**Instructions to follow**
Look through the entries below and report every line that has "Rendered".

**Data for analysis**
=======
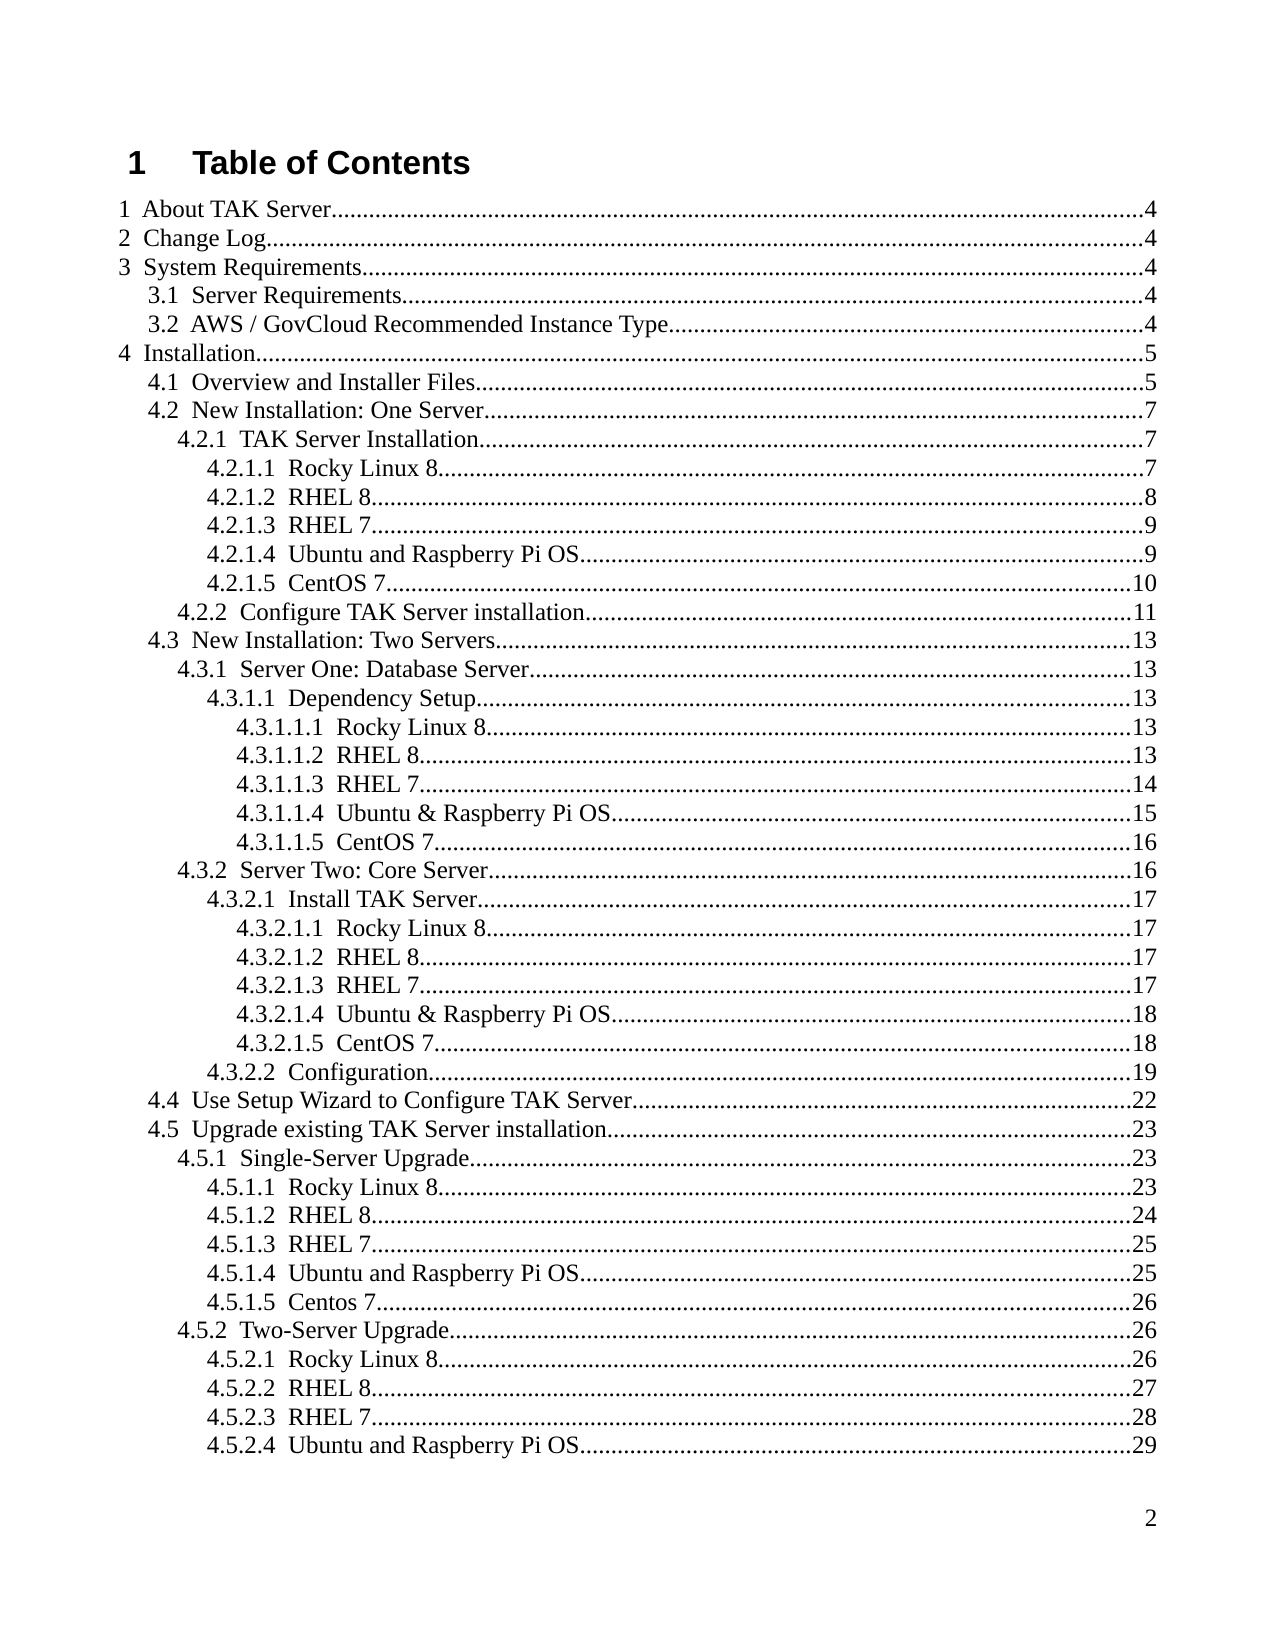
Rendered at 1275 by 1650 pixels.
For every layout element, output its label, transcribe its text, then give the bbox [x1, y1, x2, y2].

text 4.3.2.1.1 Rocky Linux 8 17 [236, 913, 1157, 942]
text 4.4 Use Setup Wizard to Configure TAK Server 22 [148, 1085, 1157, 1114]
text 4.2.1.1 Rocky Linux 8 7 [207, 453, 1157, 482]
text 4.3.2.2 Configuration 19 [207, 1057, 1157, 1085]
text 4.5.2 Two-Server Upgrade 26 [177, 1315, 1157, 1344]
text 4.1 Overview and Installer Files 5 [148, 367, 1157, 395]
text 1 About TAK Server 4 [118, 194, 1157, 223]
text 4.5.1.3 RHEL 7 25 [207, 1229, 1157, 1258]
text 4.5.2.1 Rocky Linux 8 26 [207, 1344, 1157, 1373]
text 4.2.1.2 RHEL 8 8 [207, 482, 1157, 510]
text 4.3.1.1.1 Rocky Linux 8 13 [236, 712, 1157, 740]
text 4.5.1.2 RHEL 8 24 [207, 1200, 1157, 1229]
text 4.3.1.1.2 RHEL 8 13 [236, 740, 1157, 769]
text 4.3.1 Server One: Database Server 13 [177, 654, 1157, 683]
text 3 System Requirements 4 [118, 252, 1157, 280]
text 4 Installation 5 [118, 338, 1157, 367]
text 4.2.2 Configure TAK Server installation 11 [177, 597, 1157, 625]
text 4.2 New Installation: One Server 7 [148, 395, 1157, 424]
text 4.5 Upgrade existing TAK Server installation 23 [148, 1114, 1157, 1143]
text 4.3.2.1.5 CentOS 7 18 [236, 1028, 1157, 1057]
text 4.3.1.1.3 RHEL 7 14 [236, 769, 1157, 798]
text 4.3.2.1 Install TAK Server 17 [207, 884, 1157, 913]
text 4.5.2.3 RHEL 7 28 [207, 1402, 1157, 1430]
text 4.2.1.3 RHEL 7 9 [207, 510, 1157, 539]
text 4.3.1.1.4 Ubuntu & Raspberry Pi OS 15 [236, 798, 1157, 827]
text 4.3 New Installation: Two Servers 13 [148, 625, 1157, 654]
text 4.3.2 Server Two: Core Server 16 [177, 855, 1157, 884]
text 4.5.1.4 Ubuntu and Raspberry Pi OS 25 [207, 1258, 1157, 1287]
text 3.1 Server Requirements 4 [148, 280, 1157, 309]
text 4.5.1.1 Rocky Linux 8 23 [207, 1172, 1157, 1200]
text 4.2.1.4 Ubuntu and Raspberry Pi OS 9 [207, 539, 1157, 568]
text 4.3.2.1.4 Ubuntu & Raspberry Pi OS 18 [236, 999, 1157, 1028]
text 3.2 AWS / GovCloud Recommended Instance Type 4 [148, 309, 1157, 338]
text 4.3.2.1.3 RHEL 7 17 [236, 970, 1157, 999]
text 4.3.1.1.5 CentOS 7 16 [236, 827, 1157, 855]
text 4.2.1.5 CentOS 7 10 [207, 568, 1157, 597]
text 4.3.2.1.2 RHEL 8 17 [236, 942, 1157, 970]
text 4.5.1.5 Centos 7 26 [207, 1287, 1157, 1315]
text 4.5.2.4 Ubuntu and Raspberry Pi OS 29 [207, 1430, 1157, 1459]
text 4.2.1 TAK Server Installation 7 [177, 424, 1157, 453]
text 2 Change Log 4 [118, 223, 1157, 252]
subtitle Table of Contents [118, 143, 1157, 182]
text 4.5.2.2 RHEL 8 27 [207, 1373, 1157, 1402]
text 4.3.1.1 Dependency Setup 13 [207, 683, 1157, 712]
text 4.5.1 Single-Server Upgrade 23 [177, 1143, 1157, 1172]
=======
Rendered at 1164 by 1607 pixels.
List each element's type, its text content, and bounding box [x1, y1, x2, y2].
=======
**Answer area**
Rendered at 1275 by 1650 pixels.
Rendered at 1164 by 1607 pixels.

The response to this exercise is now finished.